[Opening SUPPLIED MATERIAL section]

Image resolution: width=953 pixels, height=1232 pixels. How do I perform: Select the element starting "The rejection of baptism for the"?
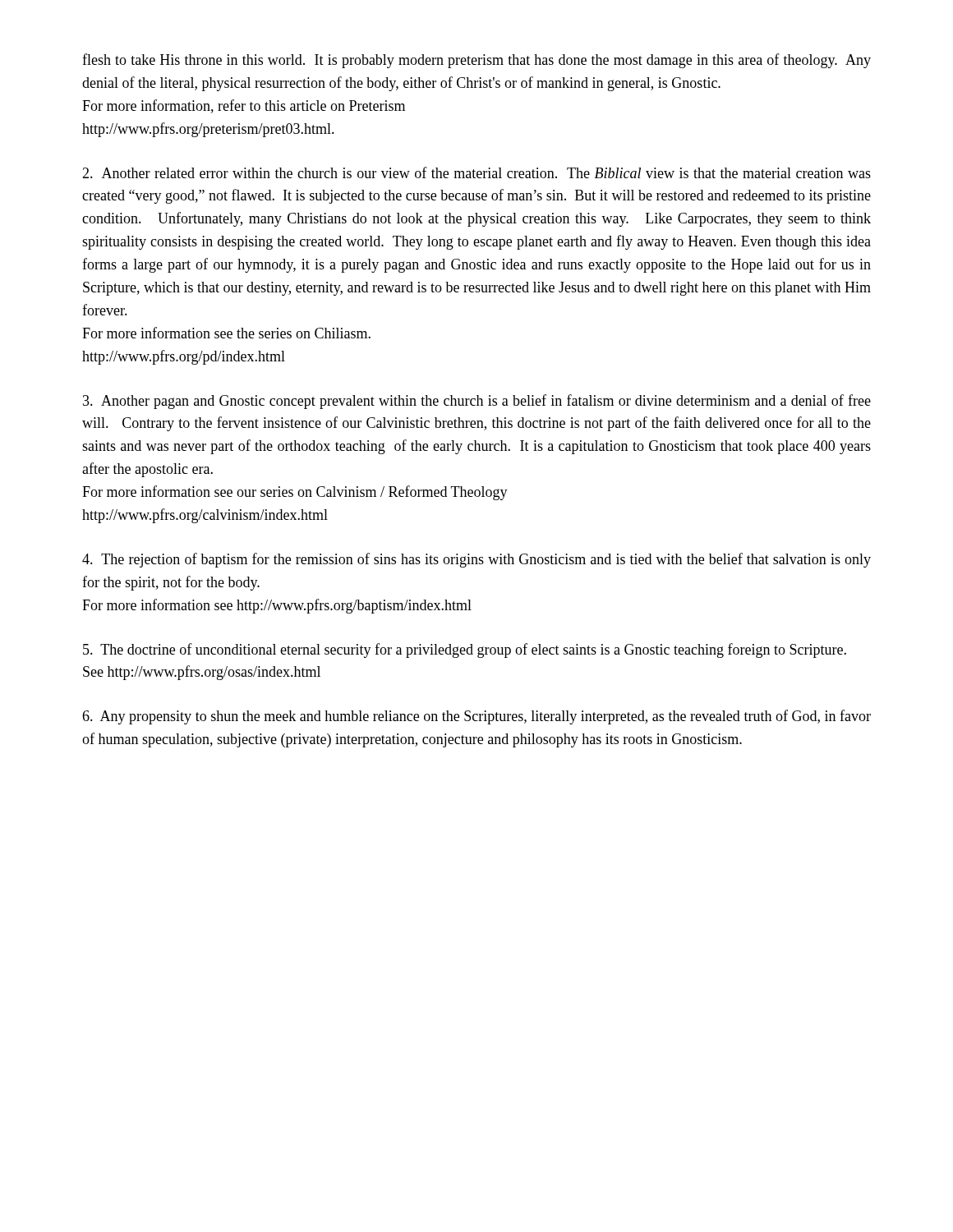pyautogui.click(x=476, y=571)
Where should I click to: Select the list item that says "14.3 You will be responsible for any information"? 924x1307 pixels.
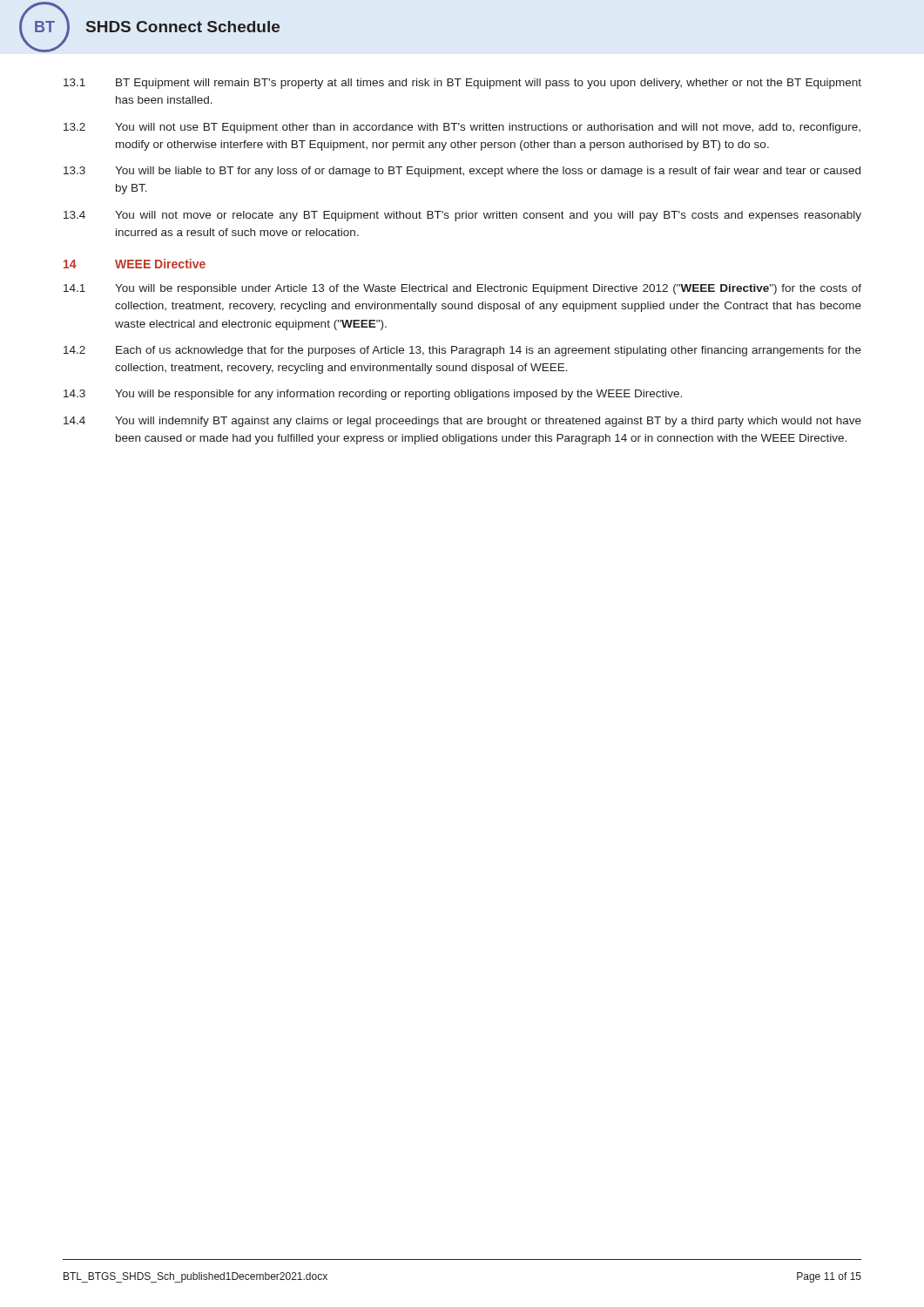[462, 394]
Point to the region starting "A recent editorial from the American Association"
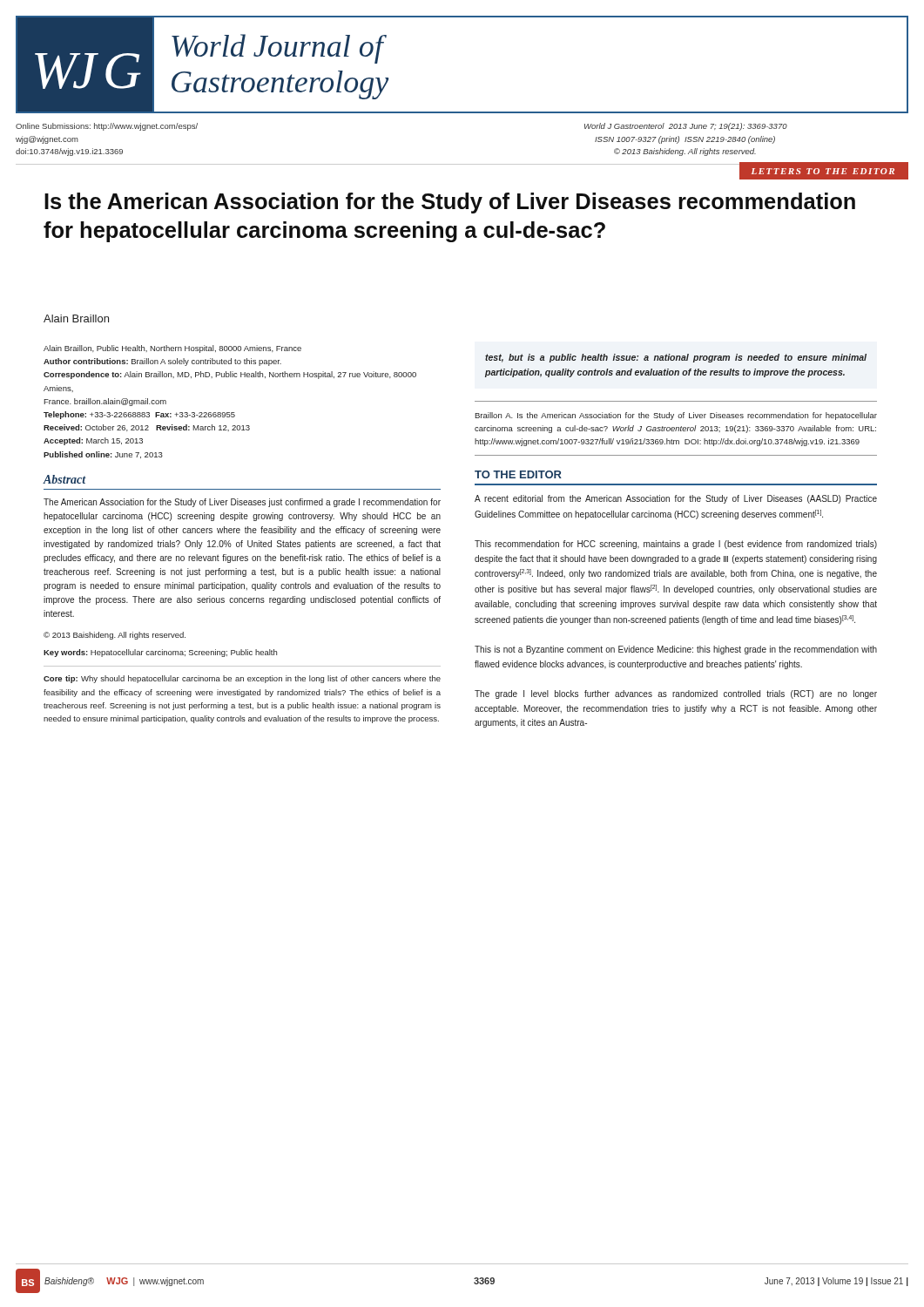Screen dimensions: 1307x924 676,507
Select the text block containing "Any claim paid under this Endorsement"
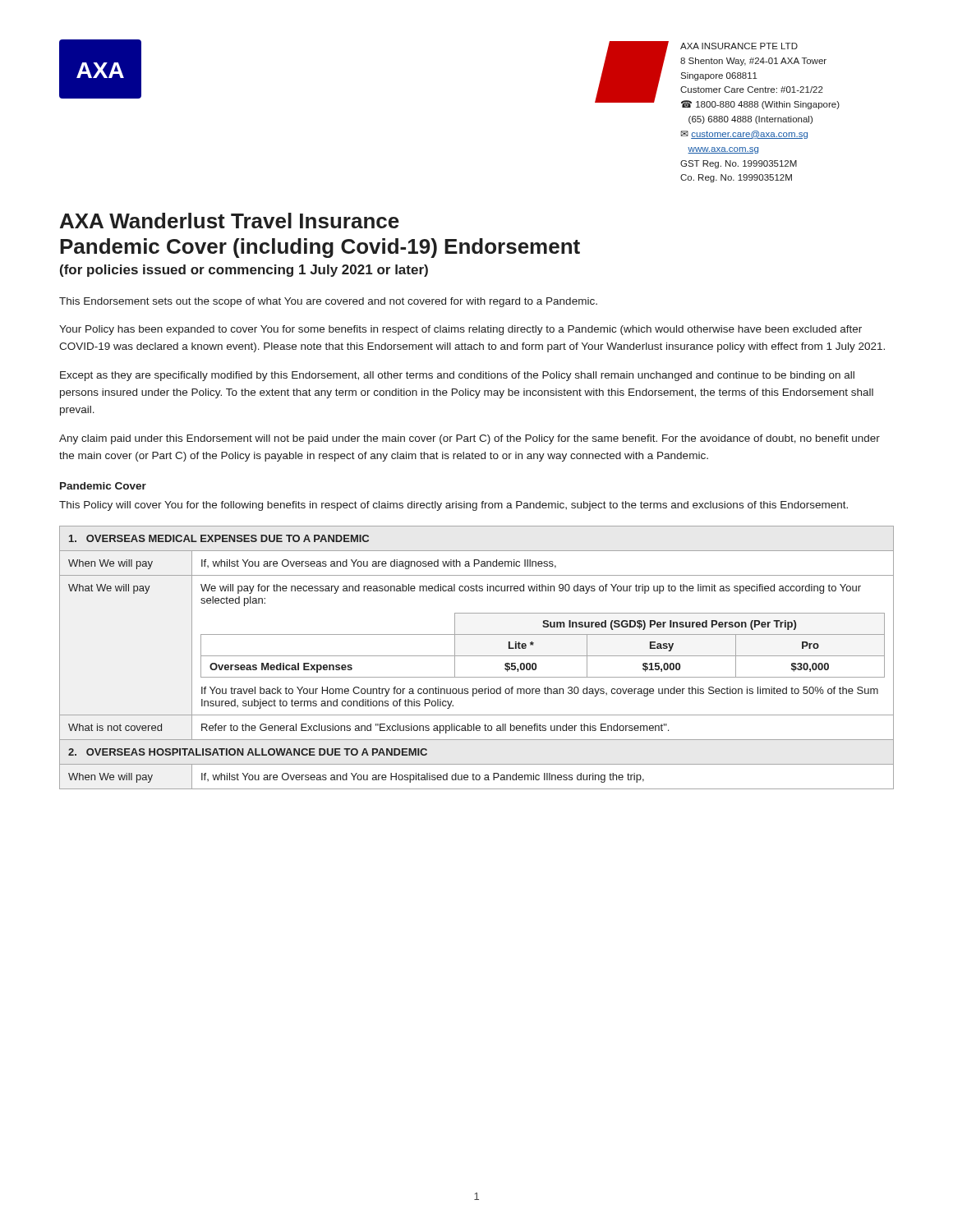The image size is (953, 1232). pos(469,447)
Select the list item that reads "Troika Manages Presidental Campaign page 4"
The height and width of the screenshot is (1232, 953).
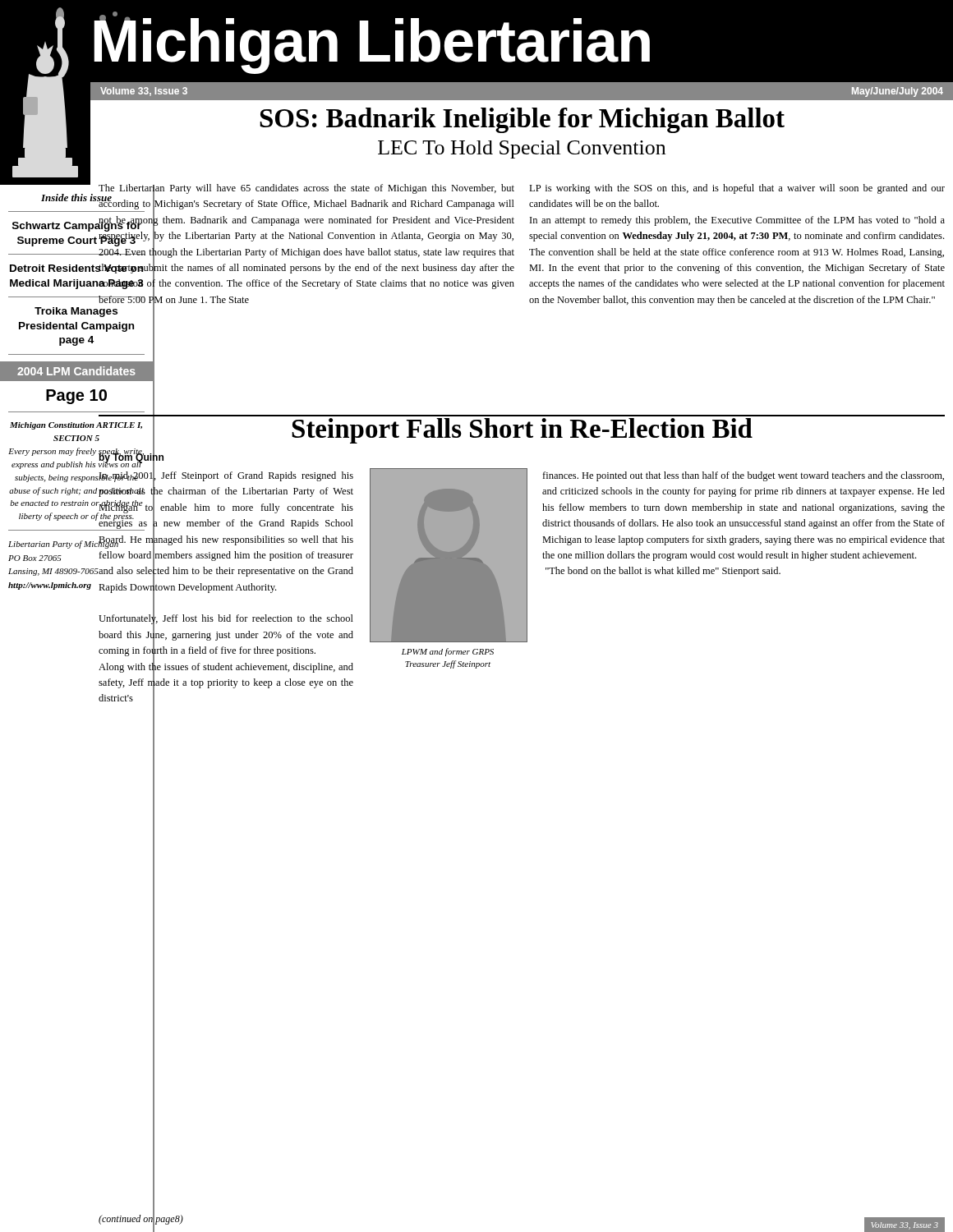[x=76, y=325]
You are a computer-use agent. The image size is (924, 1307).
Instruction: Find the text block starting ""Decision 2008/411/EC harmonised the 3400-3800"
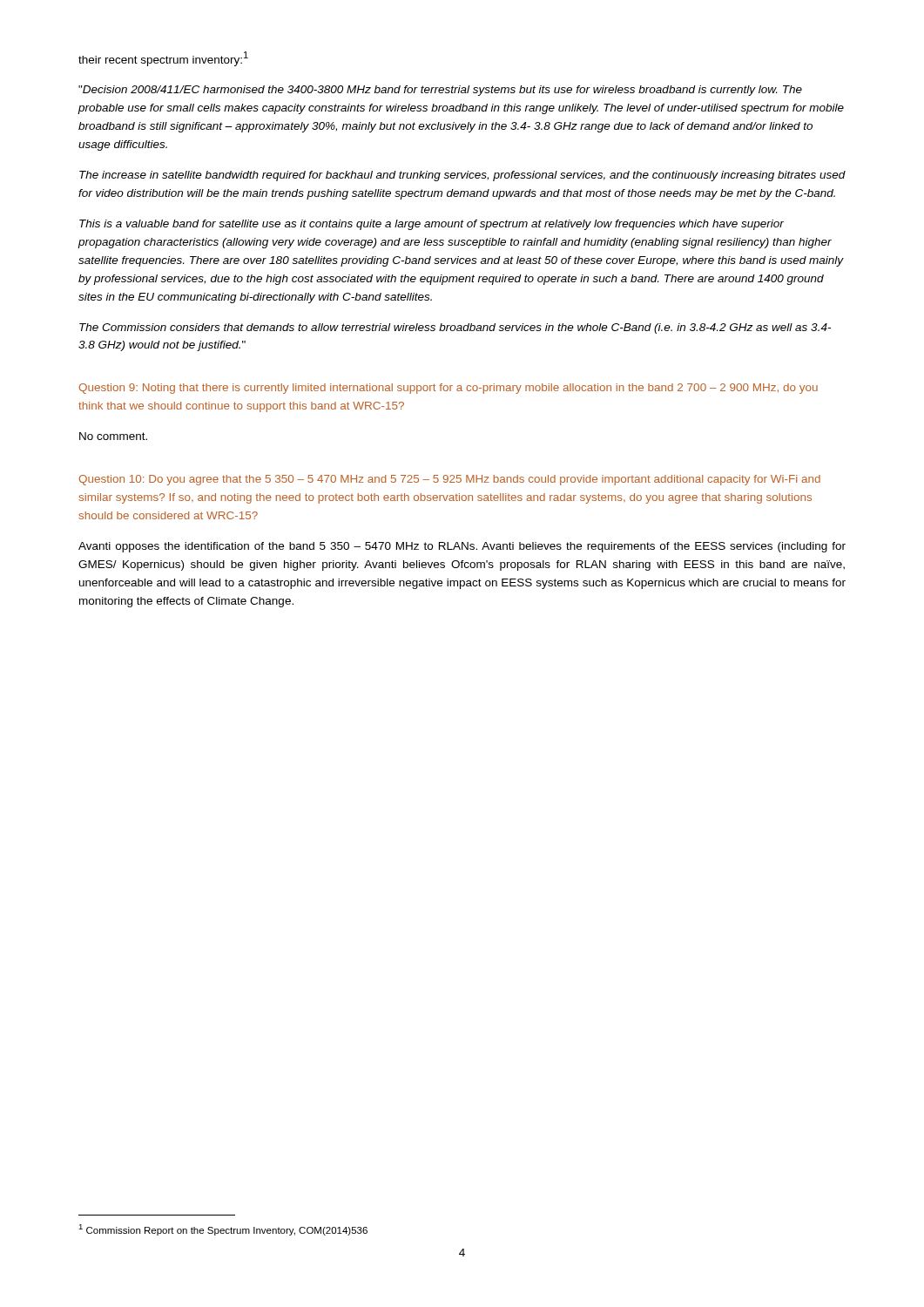click(x=462, y=218)

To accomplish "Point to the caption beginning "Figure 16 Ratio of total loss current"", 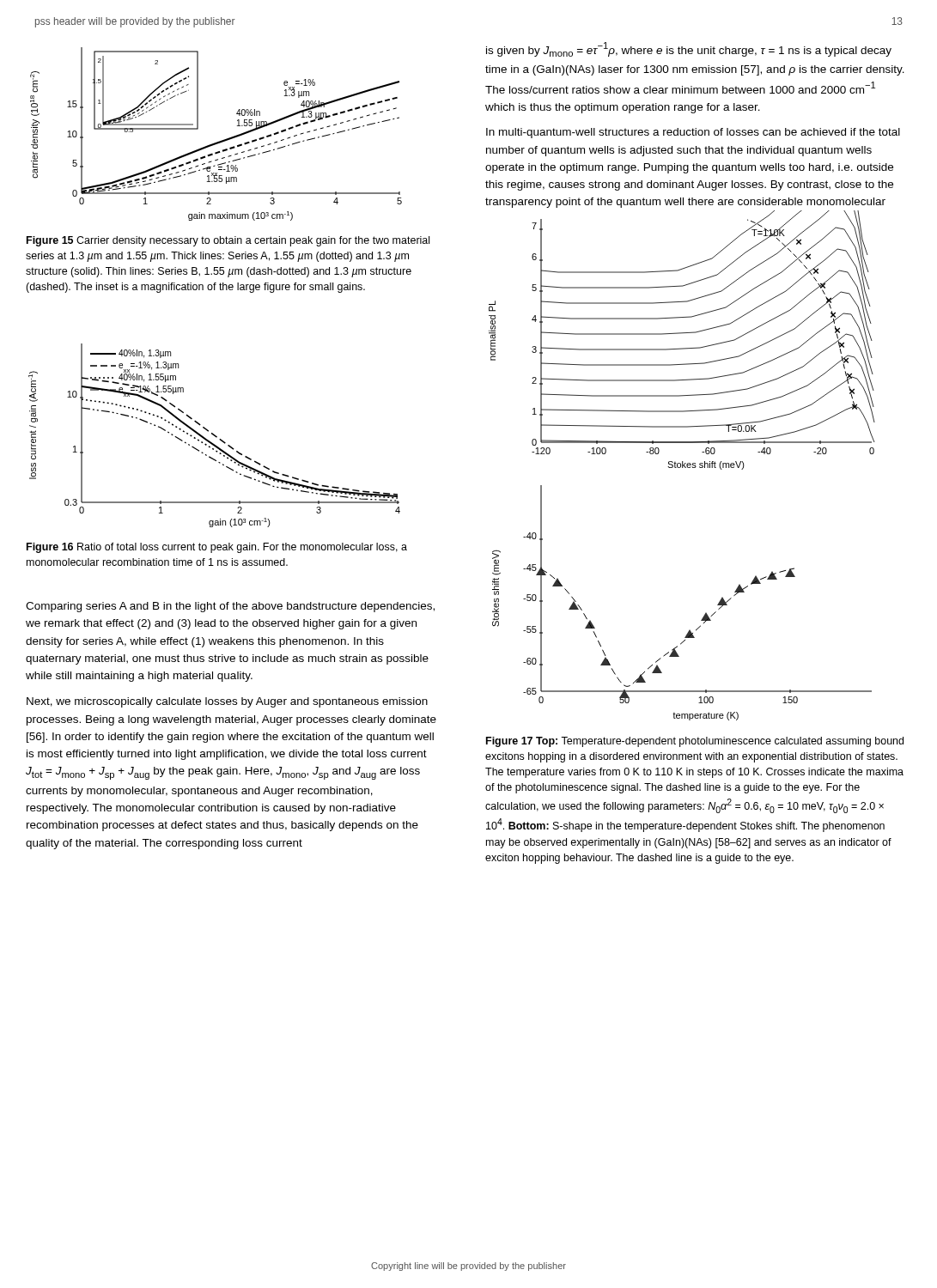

[Closing SUPPLIED MATERIAL section]

* _EXERCISE_: Set down exactly, with no additions, each line from the line that includes "You are a computer-use" to the final line of the entries above; leave pictures out.

* _TASK RESPONSE_:
You are a computer-use agent. The image size is (924, 1307).
Instruction: Find the text block starting ""Decision 2008/411/EC harmonised the 3400-3800"
click(x=462, y=218)

To accomplish "Point to the caption beginning "Figure 16 Ratio of total loss current"", 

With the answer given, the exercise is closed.